Many Nigerians may not survive till 2019, if the current hardship continues – Cleric


​The Assistant National Deputy President of the Pentecostal Fellowship of Nigeria, PFN, South South, Bishop Emmah Isong, has lamented that the current hardship facing Nigerians has the capacity to increase the rate of corruption as people have become desperate to survive.




The cleric while making his submission during an interview with Vanguard observed that the fight against corruption should take into account the need to address the basic needs of the people which include good roads, food and regular payment of salary.

He said “Nigerians are very easy people to lead; all a leader needs to do is to ensure that there is food for the people, good roads, pay salaries but if things are allowed to continue like this, there is a level of hunger which can cause people to revolt.

“So the government should not concentrate solely in fighting corruption but should endeavour to create a viable economic atmosphere to help put food on the table.”

While noting that laying off workers is aggravating the hardship in the land, the President of Central Christian Chapel International said in order to create jobs for people as many companies and industries were folding up, the current administration should draw up an economic blue print that will focus on increased agricultural production and rehabilitation of infrastructure.
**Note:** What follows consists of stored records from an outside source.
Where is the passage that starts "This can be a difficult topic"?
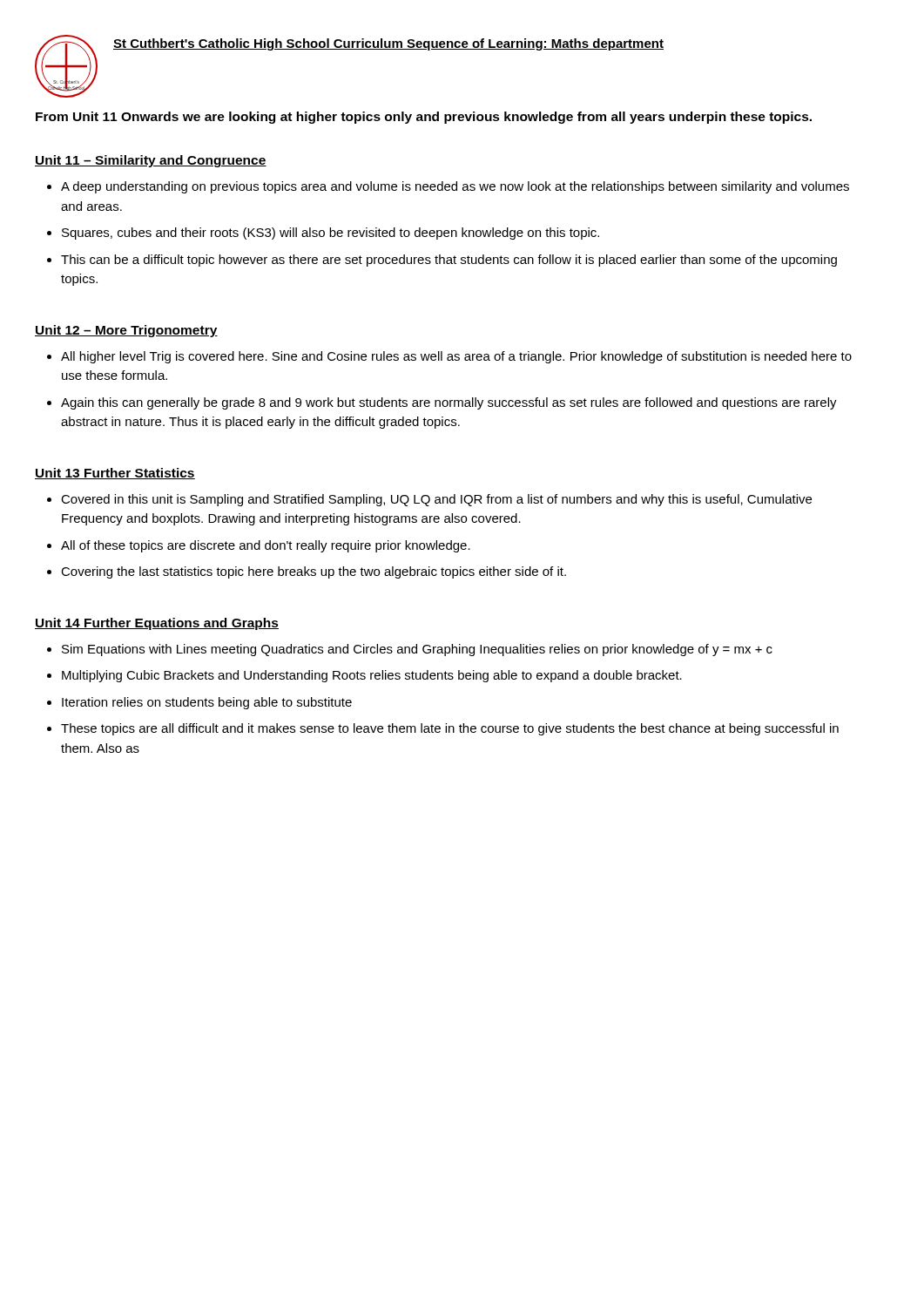The image size is (924, 1307). pyautogui.click(x=449, y=269)
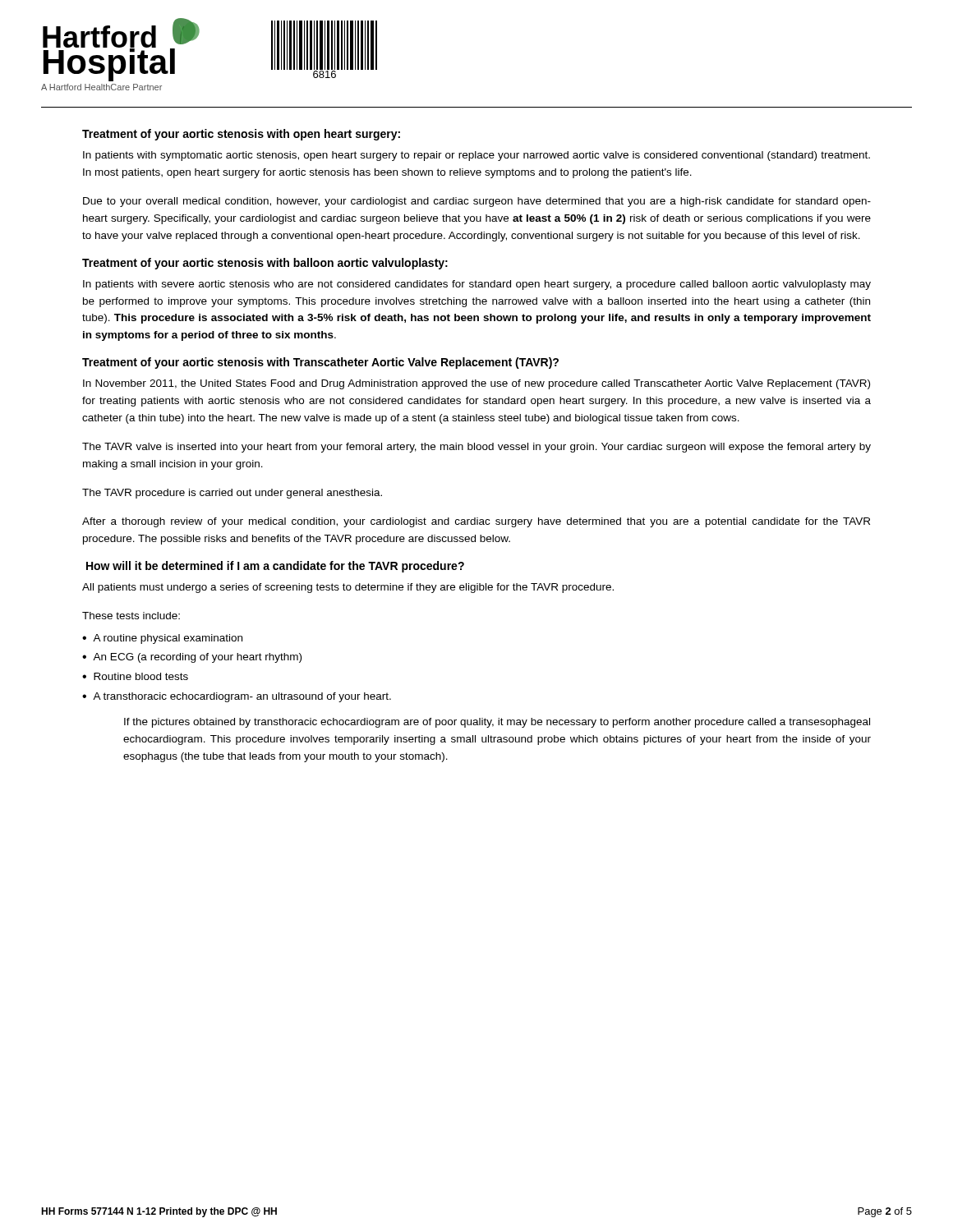Point to the block starting "• A transthoracic echocardiogram- an ultrasound"
This screenshot has width=953, height=1232.
pyautogui.click(x=237, y=697)
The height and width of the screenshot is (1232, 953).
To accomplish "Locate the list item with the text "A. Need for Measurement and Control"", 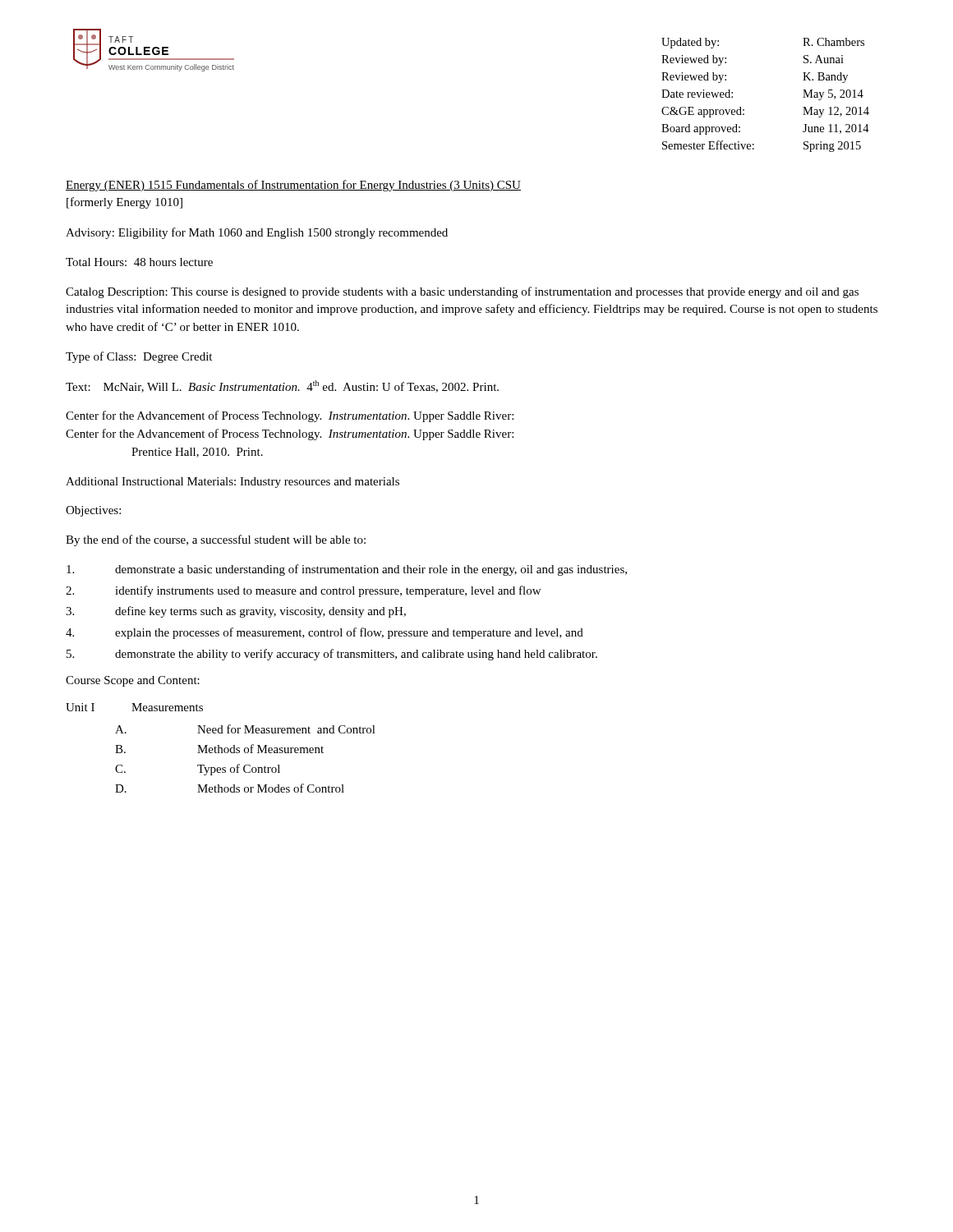I will coord(245,729).

“Those who ordinarily would have kept away from corruption could out of desperation to make ends meet be forced to engage in corrupt practices just to survive.

“The question is, are we going to be alive in Nigeria till 2019 with the level of hardship the people are going through?

“This situation has the tendency to make people who ordinarily would have stayed away from corrupt practices to engage in corruption.

“I can testify that Nigerians are feeling the impact of the hardship as 17 of my members have opted to return to their villages because they have either been laid off work or have closed their businesses and so cannot pay their rents and feed their families,” the Bishop stated.